In fondo qualsiasi genitore per un figlio si aspetta tutto il meglio: che sia sano, che parli e cammini, che sia bello, che sia buono e intelligente,..
Invece nulla di tutto ciò: Giulia è arrivata e di tutto ciò non ha niente.

Gli abitanti del limite, gli abituali residenti del punto zero, senza neppure averlo scelto, riaprono domande, non pongono certezze.
Il punto di domanda apre al giorno per giorno, all’osservazione attenta e instancabile, a riflessioni anche ardite spalancando lo sguardo sull’orto della fede dove grazia e disgrazia s’intrecciano.
Tutte le teodicee del mondo, con le loro interpretazioni e ipotesi, Dio c’è/non c’è, punisce/non punisce, benedice/maledice s’inchinano alla misericordia con cui verremo abbracciati.
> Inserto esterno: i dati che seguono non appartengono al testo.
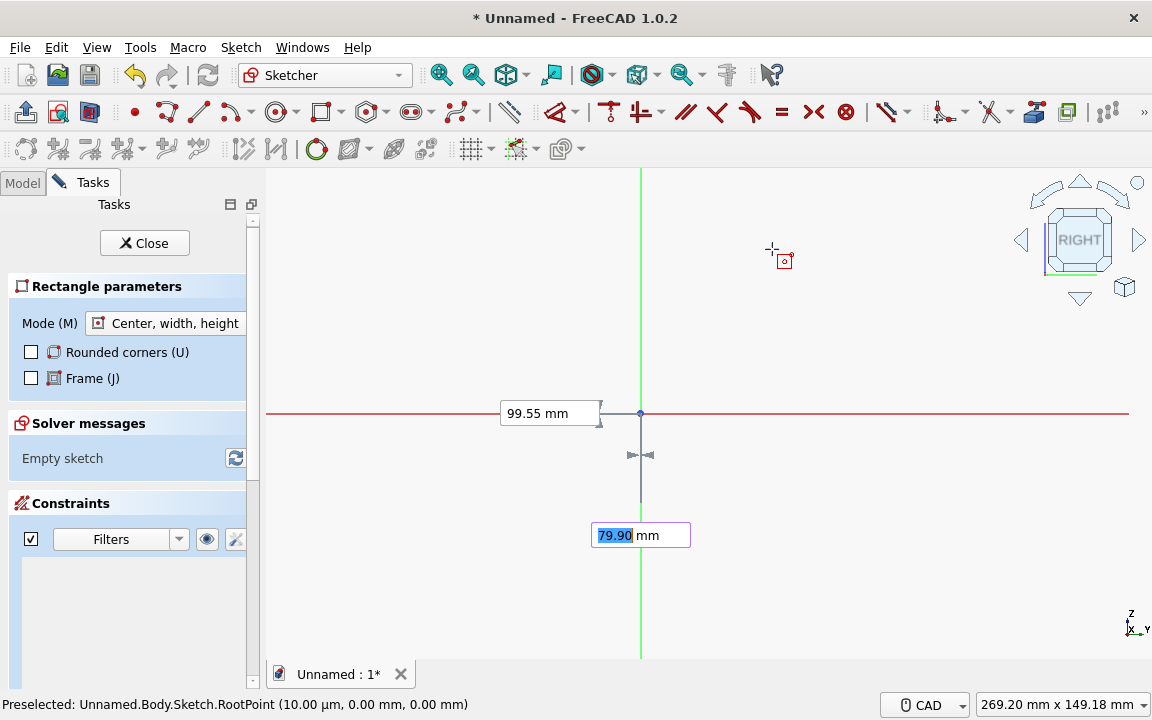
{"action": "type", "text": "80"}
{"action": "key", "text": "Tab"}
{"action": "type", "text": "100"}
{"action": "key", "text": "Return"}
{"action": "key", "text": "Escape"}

L’handicap non rivela né l’impotenza né la potenza di Dio; forse svela solo il limite dell’umano, di chi lo porta subendolo e di chi lo guarda.
Neppure può essere benaugurante la morte d’una bimba come Giulia, quasi grazia affrancatrice.
Io so solo che Gesù, la sola reazione che ha avuto davanti ad un bimbo morto, è stata che gli è venuto voglia di farlo resuscitare.

Se noi i miracoli non li sappiamo fare l’unica cosa che ci rimane, è il silenzio, la riscoperta della contemplazione. Aprirci alla preghiera muta, davanti al mistero.

Saluto papà Carlo e mamma Gloria e pur essendo la prima volta che ci incontriamo, nasce spontaneo un abbraccio che dice condivisione.